Опускаются на колени все трое. Сейчас как нельзя более уместны древние святые слова. И потом молчаливый ужин. И мать, скрепясь и осуровев лицом, будет спрашивать (при Гавриле, которого пригласили к господскому столу, недостойны слезы и вздохи) о справе, о сряде, о припасах, о том, добро ли кован конь, о всем, о чем Иван подумал и что изготовил уже загодя, задолго до нынешнего вечера… И будет ночь. Короткая, в полудреме, и лишь под утро он заснет, и мать будет его побуживать, приговаривая: «Пора, Ванюшенька, пора!» И он наконец разомкнет вежды, вскочит, на ходу натягивая сряду, слыша, как по всей Москве и Замоскворечью вызванивают колокола.

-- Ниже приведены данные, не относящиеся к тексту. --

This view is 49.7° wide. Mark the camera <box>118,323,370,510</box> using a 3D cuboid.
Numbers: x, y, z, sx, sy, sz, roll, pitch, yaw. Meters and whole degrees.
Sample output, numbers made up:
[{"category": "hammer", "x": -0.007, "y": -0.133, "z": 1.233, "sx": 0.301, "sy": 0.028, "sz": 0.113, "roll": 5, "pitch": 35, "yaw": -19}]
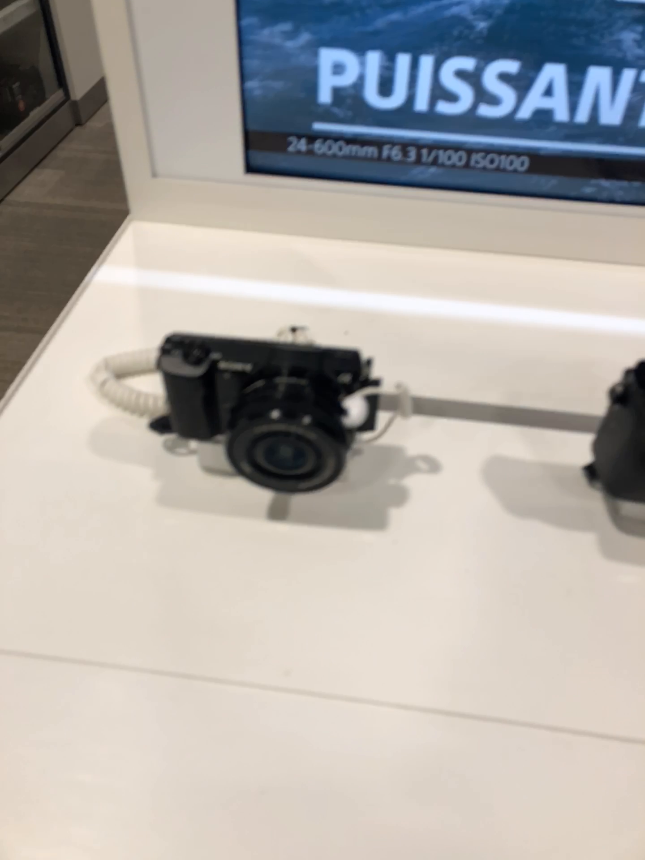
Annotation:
[{"category": "camera", "x": -0.036, "y": -0.008, "z": 0.365, "sx": 0.113, "sy": 0.060, "sz": 0.062, "roll": 6, "pitch": 45, "yaw": 6}]

Так, под высокий колокольный звон, и прощались уже во дворе, – и Любава вдруг, ослабнув и ослепнув в потоке хлынувших слез, кидается ему на шею. «Ванята! – кричит, мокро целует его. – Ванята!» Шепчет: «Не погибни, слышишь, не погибни тамо, стойно Семену! Обещай!» И он отводит, отрывает ее руки, успокаивает как может… А уже пора, и Гаврило ждет. Иван кланяет матери, и та строго, троекратно напоследях целует сына. Иван взмывает в седло. Выезжая со двора, еще оглядывается и машет рукой. А за ним тарахтит ведомая Гаврилой телега с припасами и ратною срядой. На улице они сливаются уже неотличимо в череду возов, в толпу комонных ратников, и две далекие женские фигурки быстро теряют их из виду.